This afternoon, I told my mom we were taking Kittyboy to Brookfield Zoo with the grandparents in the spring, but were taking him the our smaller local zoo first as a dry run - so we could know in advance what exhibits to avoid. Then then I listened to what I just said. And I decided this is ridiculous. Not the idea of a dry run at a smaller zoo, that's a good idea - just the whole, "What about this normal childhood activity is going to scare him?" thing. He cannot go through life being anxious about every new sound and anything sudden, especially when it's actually contrary to his personality. He's an extrovert who charges through life with glee and abandon - seeing him stop short and burst into tears because of a ladybug is just too sad.
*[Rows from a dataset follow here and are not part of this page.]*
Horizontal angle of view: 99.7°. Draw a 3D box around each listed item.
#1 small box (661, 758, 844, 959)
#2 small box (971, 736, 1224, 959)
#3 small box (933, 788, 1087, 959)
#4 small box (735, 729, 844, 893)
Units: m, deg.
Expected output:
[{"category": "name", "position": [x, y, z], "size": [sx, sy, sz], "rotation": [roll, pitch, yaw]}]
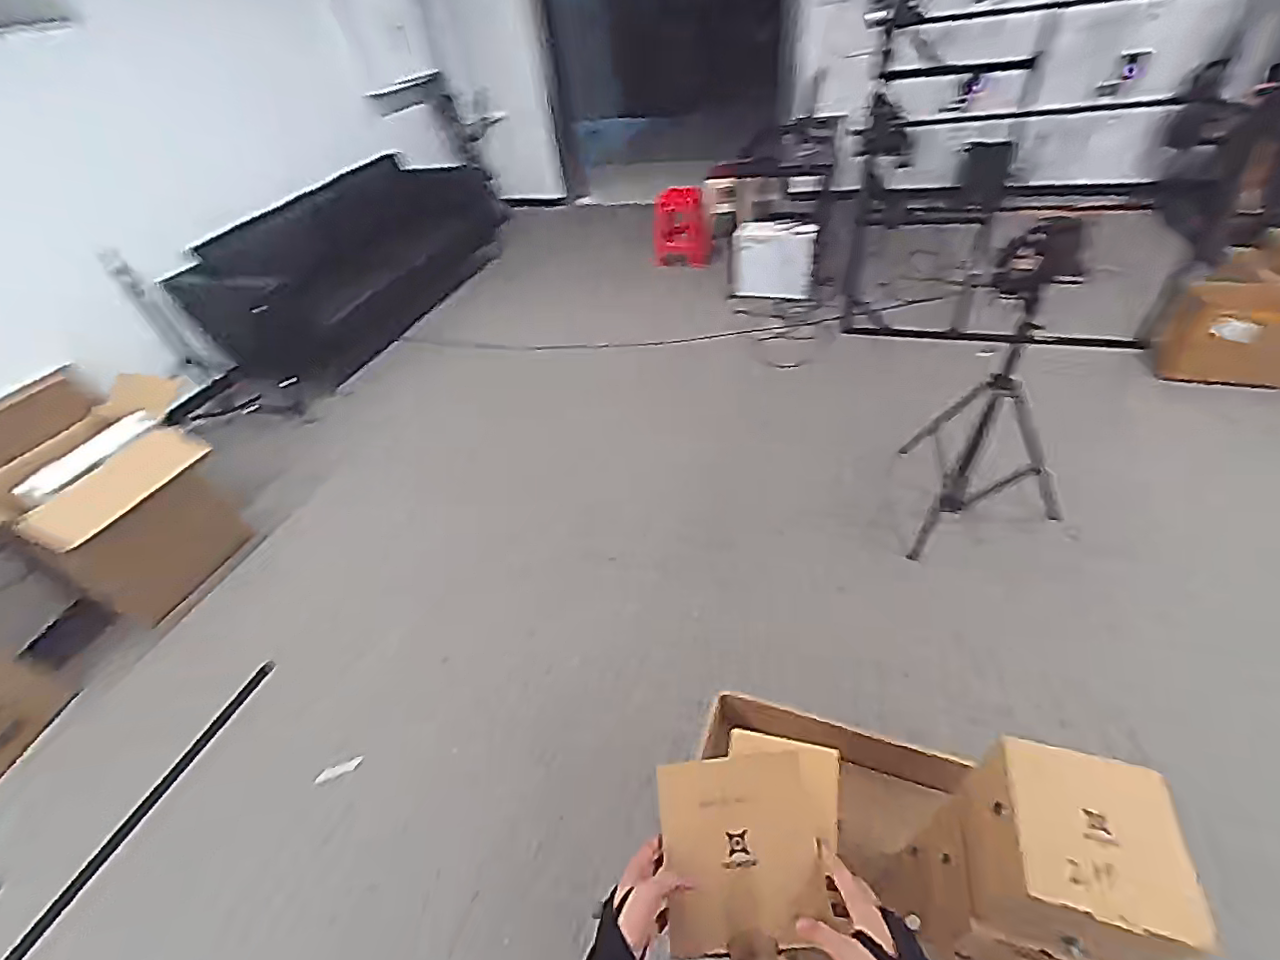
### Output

We watched Pinocchio today. I was nervous that he would get scared, and then of course be done with the movie, but every time he did get scared (let's see now - the puppeteer, the coachman, Pleasure Island, the whale, the fire to make the whale sneeze, the whale again) he calmed back down. He ran crying from the construction video later, because of the demolitions, but it gave me an idea. I know reading the original Grimms' Fairy Tales is supposed to be really good for kids, because it introduces scary things and allows kids to then deal with being scared without anything scary actually happening. So on that theory, I am putting him on a diet of scary, because the earlier he learns how to BE scared in real life, and then deal with it and get past it, the happier his childhood will be. I don't care if he ever goes on rollar coasters, but I don't want the sight of one to ruin his day at a theme park, you know? (I don't even know what he will think of rollar coasters, that's just an example).
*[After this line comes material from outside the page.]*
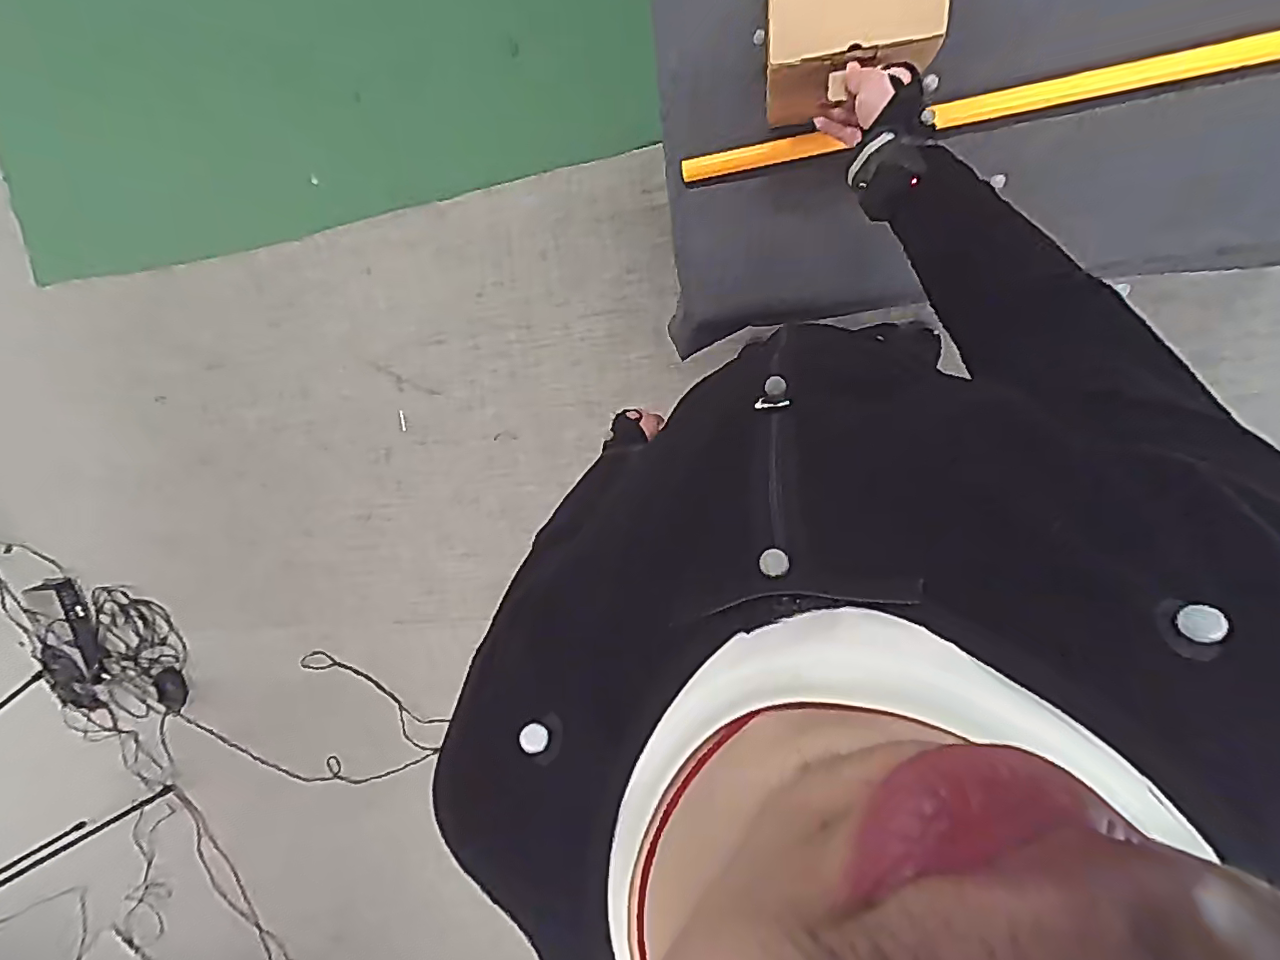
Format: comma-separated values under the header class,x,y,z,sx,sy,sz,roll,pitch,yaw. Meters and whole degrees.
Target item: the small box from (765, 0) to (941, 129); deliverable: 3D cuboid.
class,x,y,z,sx,sy,sz,roll,pitch,yaw
small box,0.226,-0.520,0.601,0.168,0.176,0.179,-2,103,15

We'll read Grimms every day, and we'll start watching all the Disney movies that I haven't put in simply because of the long run-time (he's just turned three, 90 minutes seems like a long time to sit for one program, but if this would help...!). I've made progress on food temps, by fixing a LOT of fried potatoes during Advent - I doubt anyone can resist fresh fries, no matter the heat. That was the first thing he ever ate that was actually hot (who wants lukewarm fries?). And this evening he ate pasta that was steaming - we blew on each bite, together, until it was totally cooled, but the plate sat there steaming, and he actually didn't refuse to eat, which he usually does if it looks hot.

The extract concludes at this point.